What is worrying is that the article laments how progressives are supposedly stifling innovation by wanting to restrict rampant expansion of nuclear power and renewable technologies by limiting opportunities for companies to do whatever will get us these things faster. He laments that patents are not long enough or that testing should be shorter for us to get the pharmaceutical companies to get life-saving medicines to us.

These are spurious arguments because many limitations are in place because corporations and pharmaceutical companies have a known and extremely damaging history of putting people in peril and even killing them because they were trying to avoid the bothersome but necessary means of making them safer. Unfettering precautions to get to market is a proven recipe for disaster.

The better model for innovation is after governments have mainly funded the fundamental research, instead of handing it over to private companies to do with it what they will, or even stifle it, they could form partnerships with board-level representation so that they get a say in the development, manufacturing, distribution and pricing process, leading to better outcomes for their citizens and hopefully the world.

While Derek cites the dawn of vaccines as an example of it not being a solitary person who made them popular, he points out that it was really a lot of other people who made their benefits well known.
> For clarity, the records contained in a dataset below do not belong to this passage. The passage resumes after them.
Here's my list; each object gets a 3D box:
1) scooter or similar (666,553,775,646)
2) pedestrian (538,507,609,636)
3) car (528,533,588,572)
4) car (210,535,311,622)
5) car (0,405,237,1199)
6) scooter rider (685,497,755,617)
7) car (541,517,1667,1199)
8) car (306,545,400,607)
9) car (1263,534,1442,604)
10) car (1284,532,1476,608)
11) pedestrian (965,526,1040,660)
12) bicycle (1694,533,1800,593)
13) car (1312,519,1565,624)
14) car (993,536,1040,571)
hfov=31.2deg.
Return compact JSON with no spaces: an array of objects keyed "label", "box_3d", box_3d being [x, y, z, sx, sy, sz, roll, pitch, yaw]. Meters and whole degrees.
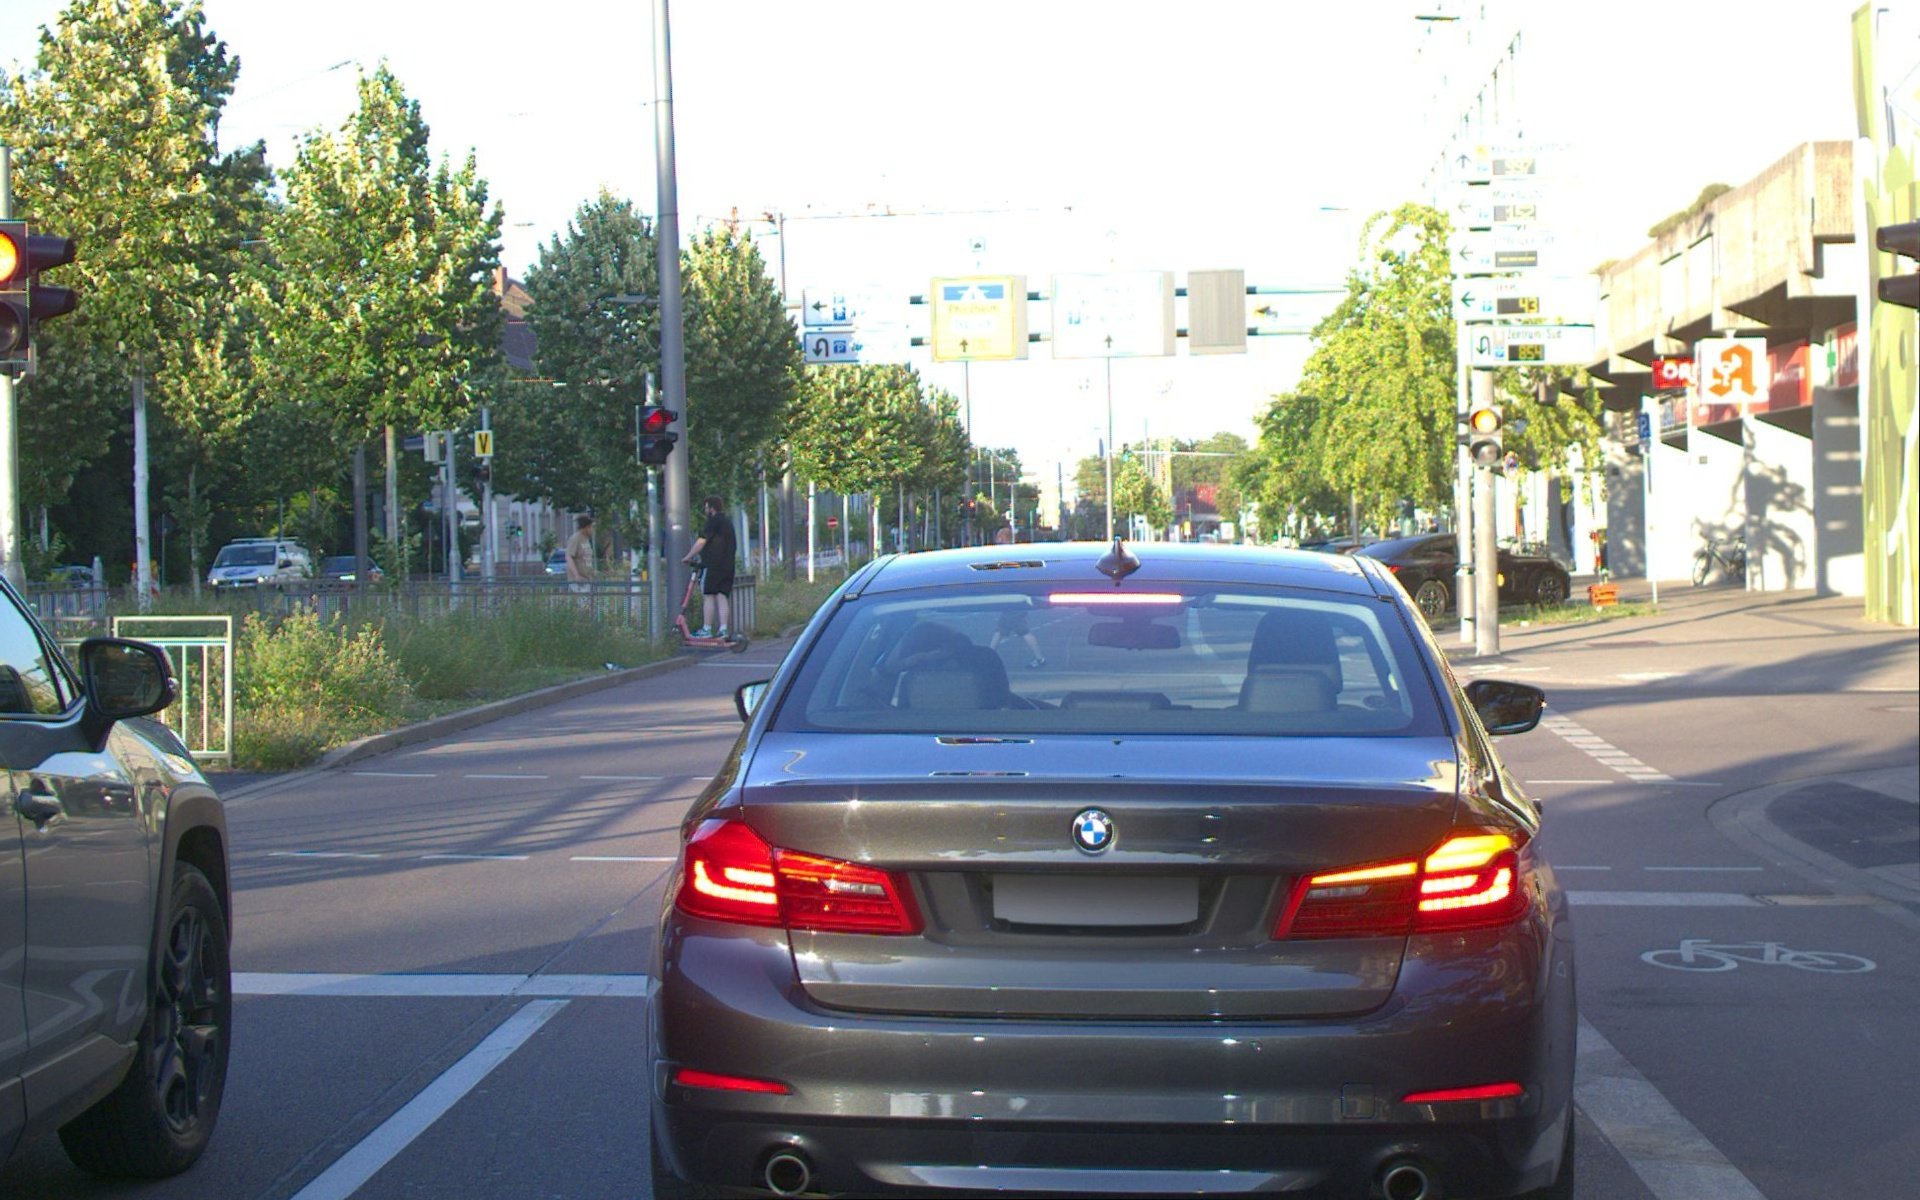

Yet, he somehow rationalises that it is the lack of patent protection that is now limiting their widespread availability. But the vaccines that really made a difference to the world, like that for polio, were not patented, but made freely available for any country to make cheaply. It was the total bypassing of proprietary pecuniary interests that helped rid the world of polio.

Governments can do a lot to make real progress for their citizens, but given the current resource constraints of the earth being exceeded by a minority of people on the earth, just giving them more is not progress, because that progress is an illusion if it continues or even promotes more inequality. The US and other countries got lots of Covid-19 vaccinations, but failed to distribute them worldwide, allowing the Omicron variants to rampantly grow among the poor in Africa and so rapidly take over the world, infecting many more in their wake and disrupting economies much more than earlier variants.

We do need more things that bring real benefits to most of humanity, but we cannot afford to flood the world in a plethora of resource-hungry gadgets and activities that destroy our lives faster than we can get to enjoy them. Governments are necessary to provide the impetus to move in the right direction with some help from business, but not to clog up our lives with useless distractions for their own sake just to give us the illusion of progress as we largely do now. That is not a worthwhile end in itself, but leads us to destruction and despair.